Prince of Wales reads poem for Easter Meditation at Stonyhurst College

To mark the Easter weekend, The Prince of Wales has recorded Gerard Manley Hopkins’ poem, God’s Grandeur. The poem offers a moment of refreshment as we move from Winter into Spring.

The poem was played during the Easter Meditation at Stonyhurst College today. This virtual service is especially important to many this year as they may not be able to attend an Easter service in person. Gerard Manley Hopkins attended Stonyhurst as a child and later taught at the college; he is widely regarded as the finest Catholic poet in the English language.

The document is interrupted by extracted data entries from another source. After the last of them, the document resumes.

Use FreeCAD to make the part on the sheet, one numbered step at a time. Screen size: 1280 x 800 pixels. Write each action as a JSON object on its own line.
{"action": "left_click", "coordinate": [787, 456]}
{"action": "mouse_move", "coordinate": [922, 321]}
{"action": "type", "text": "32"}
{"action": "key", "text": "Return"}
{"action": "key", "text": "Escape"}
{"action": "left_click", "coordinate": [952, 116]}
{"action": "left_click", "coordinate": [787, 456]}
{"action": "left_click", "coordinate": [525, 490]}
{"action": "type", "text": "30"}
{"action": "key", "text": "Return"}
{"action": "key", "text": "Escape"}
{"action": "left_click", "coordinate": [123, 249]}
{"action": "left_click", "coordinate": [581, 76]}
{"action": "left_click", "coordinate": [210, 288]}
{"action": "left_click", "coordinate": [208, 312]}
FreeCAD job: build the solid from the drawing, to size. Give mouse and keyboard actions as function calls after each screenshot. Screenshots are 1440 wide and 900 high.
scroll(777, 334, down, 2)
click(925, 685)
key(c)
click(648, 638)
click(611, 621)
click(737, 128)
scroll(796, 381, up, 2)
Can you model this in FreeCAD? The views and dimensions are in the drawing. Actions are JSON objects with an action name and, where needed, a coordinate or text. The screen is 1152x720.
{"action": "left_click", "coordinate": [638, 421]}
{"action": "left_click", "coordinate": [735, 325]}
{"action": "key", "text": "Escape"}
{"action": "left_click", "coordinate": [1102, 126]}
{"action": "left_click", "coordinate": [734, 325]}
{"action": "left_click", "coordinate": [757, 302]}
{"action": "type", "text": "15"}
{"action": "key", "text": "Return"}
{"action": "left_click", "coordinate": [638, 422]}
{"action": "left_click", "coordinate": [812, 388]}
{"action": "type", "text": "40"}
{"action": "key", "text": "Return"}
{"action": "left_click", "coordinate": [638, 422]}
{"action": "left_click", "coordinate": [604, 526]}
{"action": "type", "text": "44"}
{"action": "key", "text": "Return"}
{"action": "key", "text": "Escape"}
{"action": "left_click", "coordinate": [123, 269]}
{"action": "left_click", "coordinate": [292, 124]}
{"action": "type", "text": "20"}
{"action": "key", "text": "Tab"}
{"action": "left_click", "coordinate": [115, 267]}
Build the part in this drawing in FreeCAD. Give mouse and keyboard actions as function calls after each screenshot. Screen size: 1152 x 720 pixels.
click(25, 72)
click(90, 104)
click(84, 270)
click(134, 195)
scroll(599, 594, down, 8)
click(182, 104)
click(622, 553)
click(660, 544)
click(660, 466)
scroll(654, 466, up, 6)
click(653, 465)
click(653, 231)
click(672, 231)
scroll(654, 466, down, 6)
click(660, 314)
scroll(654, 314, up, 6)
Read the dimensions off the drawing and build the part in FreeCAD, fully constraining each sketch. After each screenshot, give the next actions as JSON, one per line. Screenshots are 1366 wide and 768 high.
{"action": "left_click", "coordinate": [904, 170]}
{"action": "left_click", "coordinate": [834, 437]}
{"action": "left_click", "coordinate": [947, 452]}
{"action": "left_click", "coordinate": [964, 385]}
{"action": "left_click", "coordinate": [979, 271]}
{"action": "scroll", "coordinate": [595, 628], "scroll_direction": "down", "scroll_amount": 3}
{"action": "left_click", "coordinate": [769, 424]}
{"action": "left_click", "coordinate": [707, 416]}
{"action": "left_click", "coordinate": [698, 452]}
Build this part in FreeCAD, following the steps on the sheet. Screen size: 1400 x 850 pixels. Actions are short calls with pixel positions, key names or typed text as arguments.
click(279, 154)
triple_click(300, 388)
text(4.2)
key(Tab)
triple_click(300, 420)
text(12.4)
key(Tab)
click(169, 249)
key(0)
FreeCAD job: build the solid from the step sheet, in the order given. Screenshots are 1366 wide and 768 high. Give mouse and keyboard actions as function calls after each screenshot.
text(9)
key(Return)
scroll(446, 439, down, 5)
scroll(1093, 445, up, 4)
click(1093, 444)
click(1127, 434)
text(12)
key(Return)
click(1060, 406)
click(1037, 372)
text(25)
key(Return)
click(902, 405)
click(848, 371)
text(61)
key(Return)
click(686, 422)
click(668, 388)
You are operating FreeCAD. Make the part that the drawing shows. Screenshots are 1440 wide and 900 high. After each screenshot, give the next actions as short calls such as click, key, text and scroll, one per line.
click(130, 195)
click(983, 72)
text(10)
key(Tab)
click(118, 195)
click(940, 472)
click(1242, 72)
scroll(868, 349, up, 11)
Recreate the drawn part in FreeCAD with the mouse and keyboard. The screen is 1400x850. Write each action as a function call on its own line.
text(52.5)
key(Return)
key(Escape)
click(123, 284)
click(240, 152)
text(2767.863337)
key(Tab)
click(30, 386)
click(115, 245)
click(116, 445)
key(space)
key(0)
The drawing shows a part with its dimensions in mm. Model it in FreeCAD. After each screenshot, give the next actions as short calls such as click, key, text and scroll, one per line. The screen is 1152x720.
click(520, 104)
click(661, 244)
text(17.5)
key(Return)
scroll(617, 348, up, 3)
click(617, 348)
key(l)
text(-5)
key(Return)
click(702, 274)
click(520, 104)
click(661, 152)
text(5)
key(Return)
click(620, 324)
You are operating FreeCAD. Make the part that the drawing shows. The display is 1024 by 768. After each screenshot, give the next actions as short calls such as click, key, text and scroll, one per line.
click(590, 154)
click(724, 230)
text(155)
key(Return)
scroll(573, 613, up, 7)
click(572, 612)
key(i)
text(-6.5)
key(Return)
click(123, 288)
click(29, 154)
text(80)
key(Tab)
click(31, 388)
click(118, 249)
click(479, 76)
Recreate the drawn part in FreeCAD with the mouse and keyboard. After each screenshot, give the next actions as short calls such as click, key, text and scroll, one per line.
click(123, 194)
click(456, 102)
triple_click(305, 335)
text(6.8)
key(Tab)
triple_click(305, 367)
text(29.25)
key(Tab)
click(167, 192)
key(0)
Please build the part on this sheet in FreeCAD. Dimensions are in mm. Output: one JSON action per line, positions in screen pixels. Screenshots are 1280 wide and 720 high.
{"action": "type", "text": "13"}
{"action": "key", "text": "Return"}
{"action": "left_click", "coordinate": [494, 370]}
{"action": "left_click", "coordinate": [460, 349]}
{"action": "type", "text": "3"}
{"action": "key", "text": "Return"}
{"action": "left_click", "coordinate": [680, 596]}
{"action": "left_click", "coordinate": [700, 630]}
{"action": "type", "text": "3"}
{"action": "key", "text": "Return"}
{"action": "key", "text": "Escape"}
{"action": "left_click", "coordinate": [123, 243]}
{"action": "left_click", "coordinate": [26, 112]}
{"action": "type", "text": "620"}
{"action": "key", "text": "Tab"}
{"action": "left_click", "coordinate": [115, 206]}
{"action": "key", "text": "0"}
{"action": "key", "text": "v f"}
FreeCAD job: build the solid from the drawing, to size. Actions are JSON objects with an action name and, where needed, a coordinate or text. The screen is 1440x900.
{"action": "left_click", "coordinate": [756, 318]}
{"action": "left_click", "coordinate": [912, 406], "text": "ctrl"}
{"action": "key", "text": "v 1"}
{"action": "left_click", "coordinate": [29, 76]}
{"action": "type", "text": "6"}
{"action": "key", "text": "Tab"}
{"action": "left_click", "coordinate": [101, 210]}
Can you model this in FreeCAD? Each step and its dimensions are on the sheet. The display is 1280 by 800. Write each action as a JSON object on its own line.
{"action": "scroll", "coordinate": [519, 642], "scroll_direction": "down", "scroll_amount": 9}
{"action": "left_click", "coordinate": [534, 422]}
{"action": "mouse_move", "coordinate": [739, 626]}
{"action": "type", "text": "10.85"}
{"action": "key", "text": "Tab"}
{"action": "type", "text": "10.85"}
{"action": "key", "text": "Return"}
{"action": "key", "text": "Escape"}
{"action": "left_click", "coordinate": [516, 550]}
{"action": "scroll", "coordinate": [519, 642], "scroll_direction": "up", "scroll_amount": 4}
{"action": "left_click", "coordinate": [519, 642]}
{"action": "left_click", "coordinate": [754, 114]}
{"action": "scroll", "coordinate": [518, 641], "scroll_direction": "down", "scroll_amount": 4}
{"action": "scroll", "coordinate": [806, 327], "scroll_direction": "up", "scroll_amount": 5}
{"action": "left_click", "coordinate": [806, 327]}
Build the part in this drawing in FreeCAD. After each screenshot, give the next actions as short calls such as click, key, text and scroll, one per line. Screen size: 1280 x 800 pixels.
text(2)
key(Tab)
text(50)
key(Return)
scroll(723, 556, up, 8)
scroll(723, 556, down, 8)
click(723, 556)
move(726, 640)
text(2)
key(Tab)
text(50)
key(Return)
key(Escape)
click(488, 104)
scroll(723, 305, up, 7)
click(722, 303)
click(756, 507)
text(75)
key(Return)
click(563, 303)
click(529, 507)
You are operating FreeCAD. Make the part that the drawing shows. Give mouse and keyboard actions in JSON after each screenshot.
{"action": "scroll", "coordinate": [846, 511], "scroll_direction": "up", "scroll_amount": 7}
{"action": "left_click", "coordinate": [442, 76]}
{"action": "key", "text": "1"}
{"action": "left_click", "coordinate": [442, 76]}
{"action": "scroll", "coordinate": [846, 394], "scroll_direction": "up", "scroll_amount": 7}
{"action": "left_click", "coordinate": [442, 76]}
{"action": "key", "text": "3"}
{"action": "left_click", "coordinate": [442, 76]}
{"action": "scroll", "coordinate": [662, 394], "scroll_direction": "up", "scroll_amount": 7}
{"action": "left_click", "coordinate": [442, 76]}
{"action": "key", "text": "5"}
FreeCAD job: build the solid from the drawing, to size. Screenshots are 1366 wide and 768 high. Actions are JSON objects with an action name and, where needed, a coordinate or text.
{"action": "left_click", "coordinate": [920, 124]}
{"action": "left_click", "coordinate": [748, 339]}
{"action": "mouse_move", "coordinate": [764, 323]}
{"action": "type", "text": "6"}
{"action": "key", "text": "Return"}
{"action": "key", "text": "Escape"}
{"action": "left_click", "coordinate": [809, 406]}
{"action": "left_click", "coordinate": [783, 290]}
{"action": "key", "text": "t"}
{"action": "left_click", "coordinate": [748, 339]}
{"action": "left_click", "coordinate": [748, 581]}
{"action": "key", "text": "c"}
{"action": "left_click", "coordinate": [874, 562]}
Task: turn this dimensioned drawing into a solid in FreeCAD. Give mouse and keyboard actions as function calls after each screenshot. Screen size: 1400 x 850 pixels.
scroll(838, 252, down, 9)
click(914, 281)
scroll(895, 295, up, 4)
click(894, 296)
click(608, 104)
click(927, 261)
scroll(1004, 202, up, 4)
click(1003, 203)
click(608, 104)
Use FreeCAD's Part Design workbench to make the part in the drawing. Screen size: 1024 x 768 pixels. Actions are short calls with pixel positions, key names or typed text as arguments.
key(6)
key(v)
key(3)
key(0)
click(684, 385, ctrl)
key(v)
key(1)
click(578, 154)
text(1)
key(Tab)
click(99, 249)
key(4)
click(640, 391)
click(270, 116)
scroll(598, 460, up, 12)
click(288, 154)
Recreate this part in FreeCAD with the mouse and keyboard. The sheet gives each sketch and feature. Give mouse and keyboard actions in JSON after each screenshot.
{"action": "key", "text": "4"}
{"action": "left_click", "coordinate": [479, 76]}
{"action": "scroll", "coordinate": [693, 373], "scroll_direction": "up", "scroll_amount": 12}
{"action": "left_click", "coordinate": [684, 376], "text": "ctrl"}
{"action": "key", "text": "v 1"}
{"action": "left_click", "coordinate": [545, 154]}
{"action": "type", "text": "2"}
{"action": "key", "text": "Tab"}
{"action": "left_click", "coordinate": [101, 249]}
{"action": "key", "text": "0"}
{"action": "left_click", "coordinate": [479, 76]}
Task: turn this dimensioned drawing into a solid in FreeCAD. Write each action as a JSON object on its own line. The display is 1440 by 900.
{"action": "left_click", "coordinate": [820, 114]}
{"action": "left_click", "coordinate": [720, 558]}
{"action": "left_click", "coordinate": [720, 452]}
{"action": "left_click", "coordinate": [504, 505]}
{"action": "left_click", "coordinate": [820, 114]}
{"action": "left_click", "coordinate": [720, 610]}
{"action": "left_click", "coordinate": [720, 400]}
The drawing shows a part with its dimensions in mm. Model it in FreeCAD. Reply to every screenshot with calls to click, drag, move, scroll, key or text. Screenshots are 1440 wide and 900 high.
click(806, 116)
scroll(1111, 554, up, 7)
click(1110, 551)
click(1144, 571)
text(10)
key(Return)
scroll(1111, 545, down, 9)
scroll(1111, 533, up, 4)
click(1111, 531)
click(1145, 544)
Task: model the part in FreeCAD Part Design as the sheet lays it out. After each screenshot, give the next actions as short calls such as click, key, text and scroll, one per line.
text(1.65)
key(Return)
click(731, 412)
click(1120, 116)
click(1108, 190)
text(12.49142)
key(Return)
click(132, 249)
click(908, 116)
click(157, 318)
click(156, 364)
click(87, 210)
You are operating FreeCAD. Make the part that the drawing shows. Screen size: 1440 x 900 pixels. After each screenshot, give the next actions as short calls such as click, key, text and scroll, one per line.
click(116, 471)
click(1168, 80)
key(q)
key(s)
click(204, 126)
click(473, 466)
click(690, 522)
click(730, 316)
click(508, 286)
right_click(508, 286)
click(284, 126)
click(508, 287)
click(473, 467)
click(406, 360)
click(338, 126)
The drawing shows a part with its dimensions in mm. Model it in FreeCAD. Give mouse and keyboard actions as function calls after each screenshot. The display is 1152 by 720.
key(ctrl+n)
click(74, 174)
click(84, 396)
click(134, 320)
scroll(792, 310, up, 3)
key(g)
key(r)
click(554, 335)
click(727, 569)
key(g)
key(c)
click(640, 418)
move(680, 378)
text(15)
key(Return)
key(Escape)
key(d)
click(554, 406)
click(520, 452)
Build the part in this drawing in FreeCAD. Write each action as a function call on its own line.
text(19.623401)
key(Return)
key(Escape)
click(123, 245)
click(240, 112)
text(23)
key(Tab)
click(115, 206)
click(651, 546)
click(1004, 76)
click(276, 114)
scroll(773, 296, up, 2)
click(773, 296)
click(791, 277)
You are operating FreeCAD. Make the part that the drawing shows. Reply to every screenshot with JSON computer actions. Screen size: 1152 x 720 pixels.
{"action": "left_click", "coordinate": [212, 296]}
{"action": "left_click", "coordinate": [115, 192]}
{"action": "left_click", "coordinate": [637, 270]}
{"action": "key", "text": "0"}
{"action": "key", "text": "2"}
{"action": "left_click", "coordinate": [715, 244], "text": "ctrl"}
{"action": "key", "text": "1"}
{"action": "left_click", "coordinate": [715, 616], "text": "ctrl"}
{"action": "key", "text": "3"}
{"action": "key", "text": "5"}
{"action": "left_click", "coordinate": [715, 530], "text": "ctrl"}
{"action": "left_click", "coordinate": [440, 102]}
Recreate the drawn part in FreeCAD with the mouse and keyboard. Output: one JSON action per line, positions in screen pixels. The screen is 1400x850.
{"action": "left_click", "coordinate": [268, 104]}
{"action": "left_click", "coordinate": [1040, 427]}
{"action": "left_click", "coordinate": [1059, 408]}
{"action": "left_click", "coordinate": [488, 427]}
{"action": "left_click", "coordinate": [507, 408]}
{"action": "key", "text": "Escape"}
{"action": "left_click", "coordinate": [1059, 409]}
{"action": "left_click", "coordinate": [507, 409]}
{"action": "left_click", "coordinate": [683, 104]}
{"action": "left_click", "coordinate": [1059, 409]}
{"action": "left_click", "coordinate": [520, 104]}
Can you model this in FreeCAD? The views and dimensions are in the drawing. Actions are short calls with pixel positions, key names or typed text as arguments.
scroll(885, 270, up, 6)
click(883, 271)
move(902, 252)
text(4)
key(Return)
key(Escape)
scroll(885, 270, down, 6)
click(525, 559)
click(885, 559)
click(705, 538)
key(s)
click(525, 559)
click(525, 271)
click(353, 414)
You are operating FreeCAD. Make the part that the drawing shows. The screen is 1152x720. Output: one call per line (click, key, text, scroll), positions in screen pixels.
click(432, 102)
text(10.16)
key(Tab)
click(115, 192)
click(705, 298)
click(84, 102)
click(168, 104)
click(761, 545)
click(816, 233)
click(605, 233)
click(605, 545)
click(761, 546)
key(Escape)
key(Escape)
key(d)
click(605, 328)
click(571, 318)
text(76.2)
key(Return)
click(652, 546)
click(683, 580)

The Prince of Wales narrates the Gerard Manley Hopkins Poem, God’s Grandeur. (@ClarenceHouse)

The poem reads:

The world is charged with the grandeur of God.
It will flame out, like shining from shook foil;
It gathers to a greatness, like the ooze of oil
Crushed. Why do men then now not reck his rod?
Generations have trod, have trod, have trod;
And all is seared with trade; bleared, smeared with toil;
And wears man’s smudge and shares man’s smell: the soil
Is bare now, nor can foot feel, being shod.

 And for all this, nature is never spent;
There lives the dearest freshness deep down things;
And though the last lights off the black West went
Oh, morning, at the brown brink eastward, springs —
Because the Holy Ghost over the bent
World broods with warm breast and with ah! bright wings.

To mark Easter this year, Buckingham Palace and Clarence House released two new images of The Queen and Prince Charles talking a walk in the grounds of Frogmore Cottage, Windsor, following the easing of lockdown restrictions in the UK.

Her Majesty and The Prince of Wales enjoy a walk together at Frogmore. (Chris Jackson/Getty)

In 2019, Prince Charles issued his second Easter message, in an article for The Telegraph. His Easter message quoted St John and discussed some of the tragedy seen in 2019 up to that point.

To commemorate Easter in 2020, The Prince of Wales contributed to the Anglican service at Westminster Abbey.

Of course, one day, Charles will become Head of the Church of England.